THE government has reduced its funding to an organisation that promotes Jersey as an international financial centre by £400,000 as part of wider budget cuts, the External Relations Minister has confirmed.
Deputy Ian Gorst, who has responsibility for financial services, was addressing a Scrutiny panel looking into the proposed government Budget for 2025 to 2028.
He said savings of £700,000 would need to be found within his portfolio.
The bulk of this (£400,000) would, he told the Economic and International Affairs Scrutiny Panel, be taken from Jersey Finance’s budget for 2025.
The arms’-length organisation, which promotes the Island as an international financial centre, is heavily funded by the government. Last year, a £6.4 million government grant made up 83% of its total funding, according to its annual report, with the rest coming from local finance firms.
Deputy Gorst said he had fought to protect the grant but had ultimately had to compromise as part of broader cost-saving measures.
“The only area that I fought for but ended up in a compromised position was the grant to Jersey Finance,” he said.

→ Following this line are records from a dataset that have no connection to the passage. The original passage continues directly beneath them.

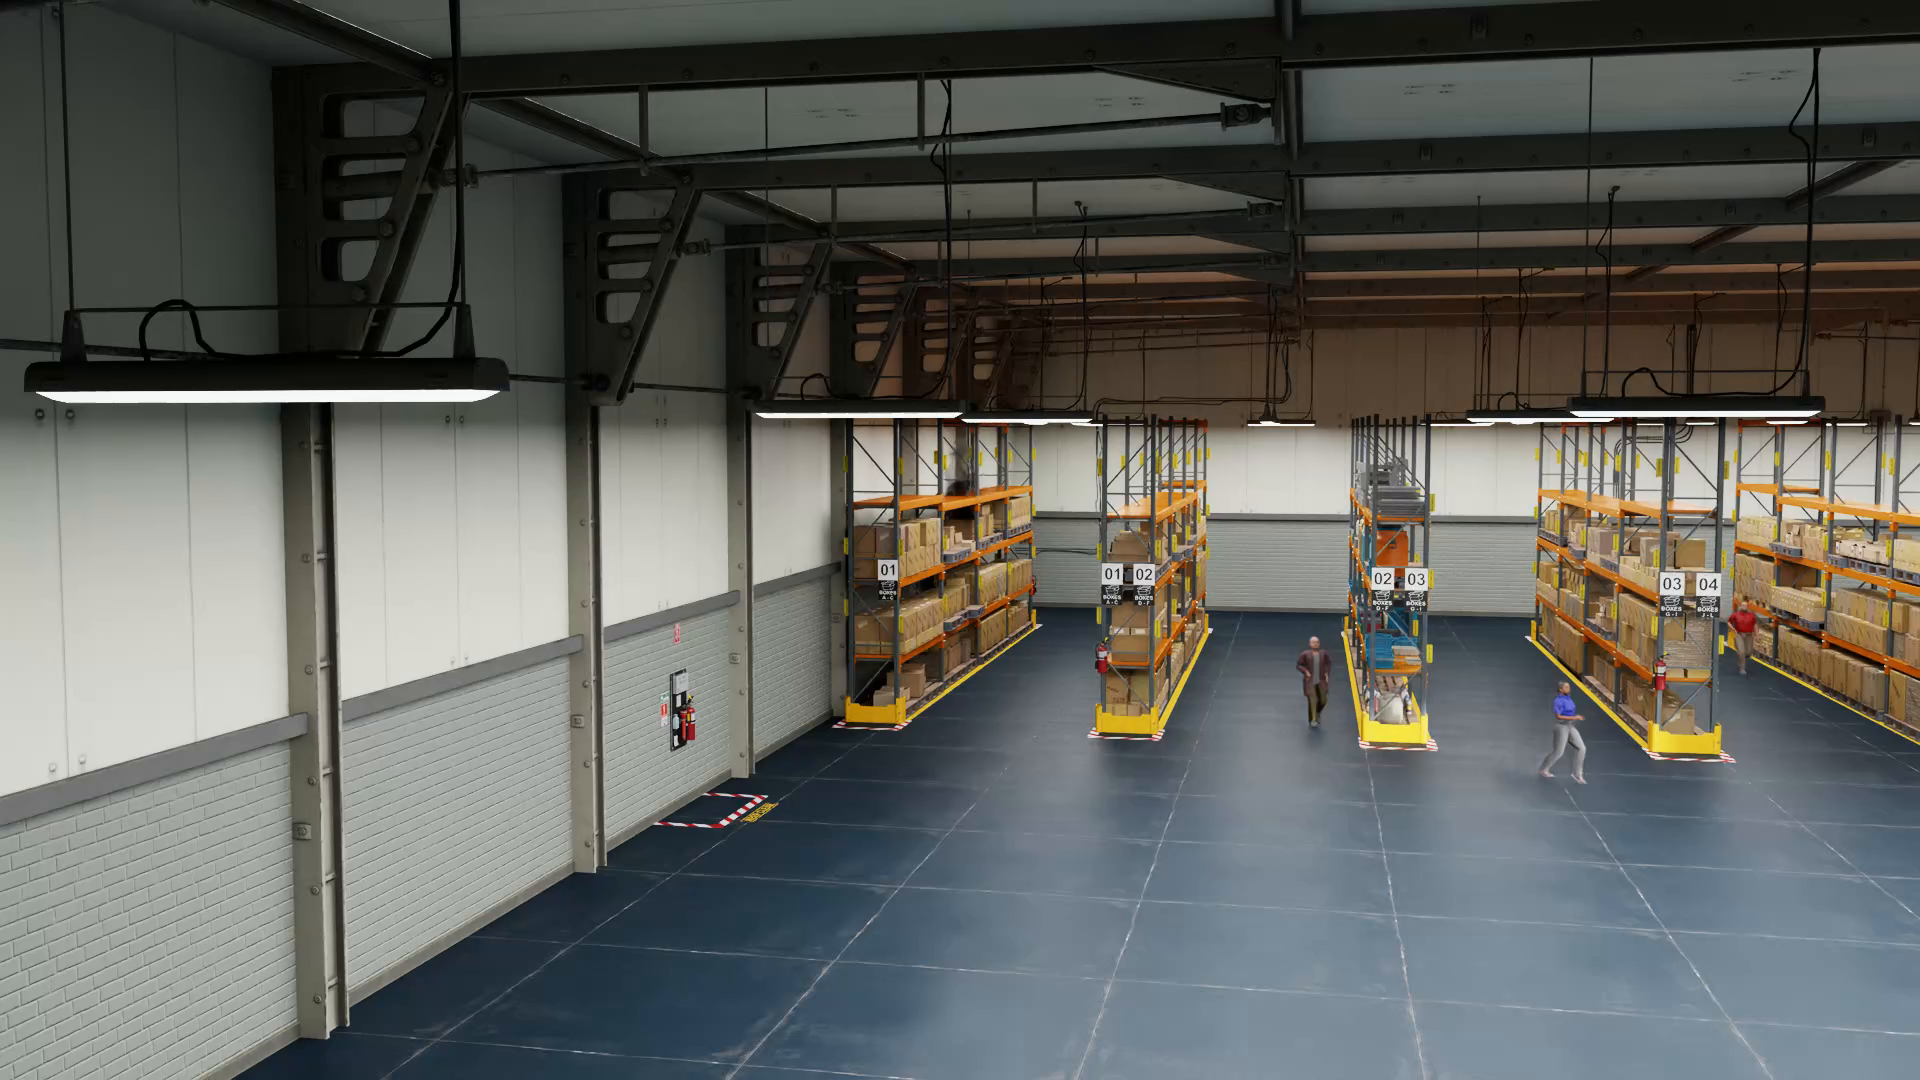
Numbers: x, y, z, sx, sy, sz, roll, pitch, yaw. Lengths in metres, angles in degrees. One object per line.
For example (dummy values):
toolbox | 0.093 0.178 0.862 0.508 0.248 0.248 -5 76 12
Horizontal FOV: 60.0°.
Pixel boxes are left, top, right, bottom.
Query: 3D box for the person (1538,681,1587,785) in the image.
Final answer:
person | 9.805 3.120 26.995 0.582 1.694 0.779 -3 5 -41

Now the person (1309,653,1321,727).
person | 6.813 2.848 31.986 0.620 1.474 0.471 0 4 0

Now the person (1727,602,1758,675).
person | 18.401 2.290 39.106 0.664 1.696 0.675 1 4 10
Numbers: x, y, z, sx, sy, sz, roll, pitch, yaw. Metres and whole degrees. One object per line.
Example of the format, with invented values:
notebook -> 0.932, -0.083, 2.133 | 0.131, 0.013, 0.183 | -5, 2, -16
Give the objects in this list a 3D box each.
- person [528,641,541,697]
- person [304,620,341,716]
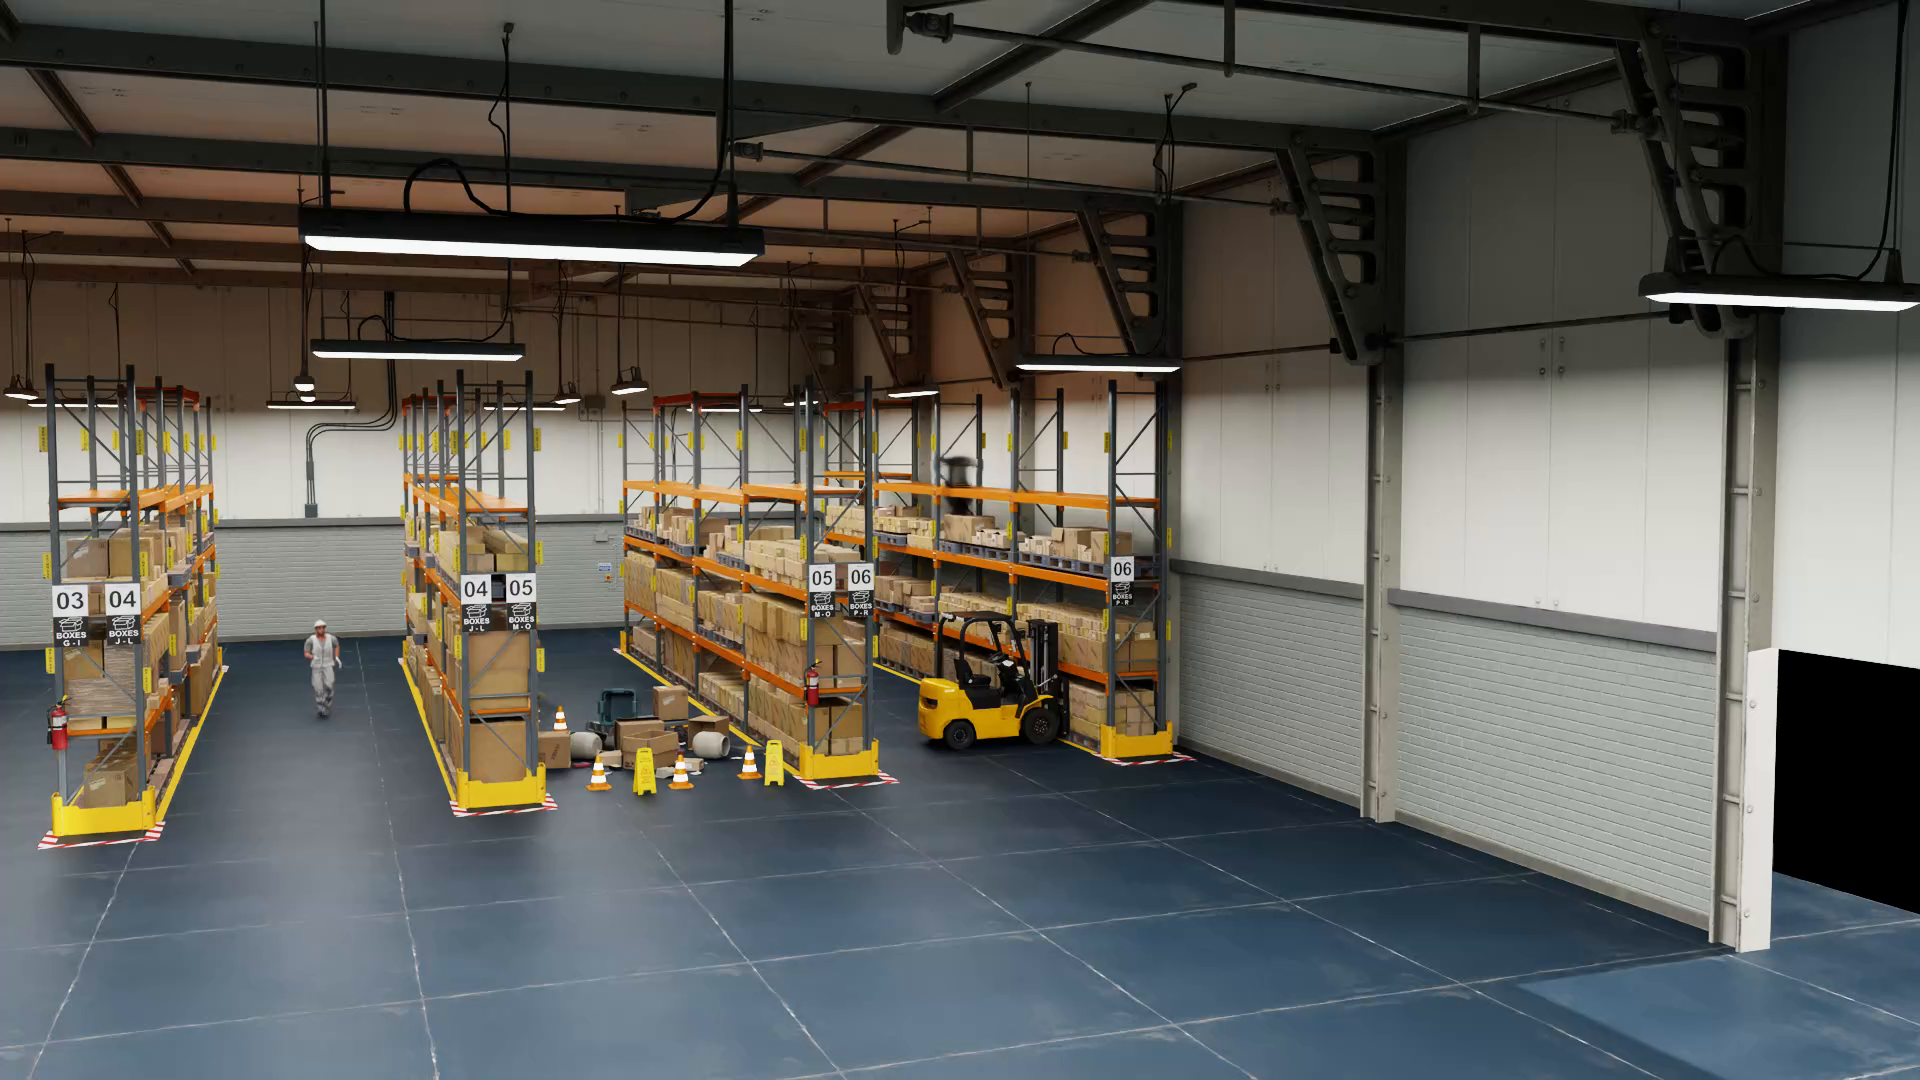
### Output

Deputy Gorst also revealed that the department had implemented a 20% cut in projected growth figures, including pay awards.
Other savings include not renewing contracts for two fixed-term contractors in the Financial Crime Strategy Team, following the “successful completion” of the Moneyval assessment of Jersey’s compliance with international financial crime standards.
There have also been reductions to the funding of Jersey’s Brussels office owing to internal restructuring.
Further restructuring within the department has merged the financial services and financial crime policy teams, resulting in fewer staff, the panel heard.
The cuts to Jersey Finance form part of a broader drive to reduce non-frontline government spending under Chief Minister Lyndon Farnham, who has repeatedly talked about “curbing” spending in the public sector and “resizing” the Cabinet Office since he stepped into the top job earlier this year.